Stomil ma swojego Tsubasę, który czasem potrafi zaczarować. 27-letni Japończyk potrafił zaskoczyć i był pewnym punktem olsztyńskiego zespołu. Zdobył 7 bramek i 5 razy asystował kolegom. - Powinniśmy byli wcześniej zachować byt i w ostatnich kolejkach grać na wiwat dla publiczności - mówi Nishi.
Jakie masz przemyślenia po sezonie?
Z wyniku drużyny nie jestem zadowolony. Wplątaliśmy się w nerwową walkę o utrzymanie. To sportowo udało się zrealizować, ale stanowczo za późno. Powinniśmy byli wcześniej zachować byt i w ostatnich kolejkach grać na wiwat dla publiczności.

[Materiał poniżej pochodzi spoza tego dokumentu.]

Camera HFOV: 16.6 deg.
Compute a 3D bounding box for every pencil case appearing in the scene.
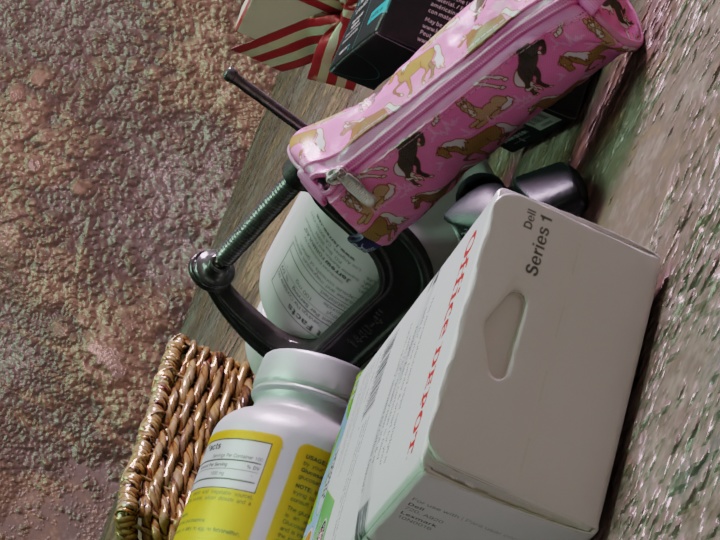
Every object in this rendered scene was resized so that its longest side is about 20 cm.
[{"bbox_3d":[0.056,-0.096,1.308,0.200,0.083,0.087,-37,35,21],"label":"pencil case"}]

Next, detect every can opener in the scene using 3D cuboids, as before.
[{"bbox_3d":[0.078,-0.020,1.323,0.200,0.078,0.064,-144,38,-85],"label":"can opener"}]

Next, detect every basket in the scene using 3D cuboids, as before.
[{"bbox_3d":[-0.097,0.166,1.617,0.200,0.148,0.143,-79,14,-53],"label":"basket"}]

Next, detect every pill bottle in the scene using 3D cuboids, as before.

A z siebie jesteś zadowolony?
Tak. Grałem regularnie. Myślę, że mam za sobą najlepszy sezon od kiedy przebywam w Polsce. A jestem tutaj już jakiś czas. Występowałem w Koszalinie, Gdańsku oraz Łodzi.
Strzeliłeś siedem goli.
To dobry wynik. Mogłem wprawdzie strzelić więcej, ale nie wykorzystałem wszystkich szans. Przed sezonem założyłem sobie, że strzelę dziesięć. Siódemka też nie jest najgorsza. To w końcu szczęśliwa cyfra.
Co zapamiętasz z sezonu?
Wszystkie wygrane mecze. Oczywiście pamiętam każde spotkanie, ale te chyba szczególnie zapadną mi w pamięci. Uważam, że mieliśmy niezły zespół. Końcowa pozycja w tabeli tego tak nie oddaje.
Stomil być może nie zagra w 1 lidze przez problemy z licencją. A co z twoją najbliższą przyszłością?

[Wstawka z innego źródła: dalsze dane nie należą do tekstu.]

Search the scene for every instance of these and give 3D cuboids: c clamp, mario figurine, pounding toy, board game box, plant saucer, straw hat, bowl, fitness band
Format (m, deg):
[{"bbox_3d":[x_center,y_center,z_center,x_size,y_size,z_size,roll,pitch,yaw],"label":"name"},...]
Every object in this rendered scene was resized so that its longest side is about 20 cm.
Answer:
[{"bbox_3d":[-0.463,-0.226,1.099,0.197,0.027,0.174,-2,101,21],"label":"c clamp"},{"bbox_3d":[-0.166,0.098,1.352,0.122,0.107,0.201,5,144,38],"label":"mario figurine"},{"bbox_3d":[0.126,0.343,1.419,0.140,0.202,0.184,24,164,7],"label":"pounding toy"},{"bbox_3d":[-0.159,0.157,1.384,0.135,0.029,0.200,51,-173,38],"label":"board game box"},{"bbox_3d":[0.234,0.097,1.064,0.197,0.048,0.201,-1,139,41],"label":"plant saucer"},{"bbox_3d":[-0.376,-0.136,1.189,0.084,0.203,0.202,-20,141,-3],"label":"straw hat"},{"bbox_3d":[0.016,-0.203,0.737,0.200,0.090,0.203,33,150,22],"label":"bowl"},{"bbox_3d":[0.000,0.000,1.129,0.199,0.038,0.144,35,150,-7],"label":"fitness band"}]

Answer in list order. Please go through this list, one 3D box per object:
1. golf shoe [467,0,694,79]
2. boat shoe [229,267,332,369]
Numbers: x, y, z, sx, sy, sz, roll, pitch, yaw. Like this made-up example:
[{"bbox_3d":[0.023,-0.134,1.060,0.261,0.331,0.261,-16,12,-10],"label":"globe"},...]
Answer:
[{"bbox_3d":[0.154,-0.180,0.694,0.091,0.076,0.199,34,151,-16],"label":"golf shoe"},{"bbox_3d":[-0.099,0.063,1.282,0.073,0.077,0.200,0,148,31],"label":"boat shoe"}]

Jest dla mnie zagadką. Raczej nie zostanę w Stomilu. Razem z agentem szukamy nowego klubu. Chyba zostanę w Polsce.
Na wakacje lecisz do Japonii?
Niestety nie. Nie mam tyle wolnego, żeby tam się wybrać. Chcę się spotkać z rodakami, którzy mieszkają w Polsce. Na pewno odwiedzę Junpeia Shimmurę, który gra dla Gwardii Koszalin. On ma jeszcze trzy kolejki przed sobą.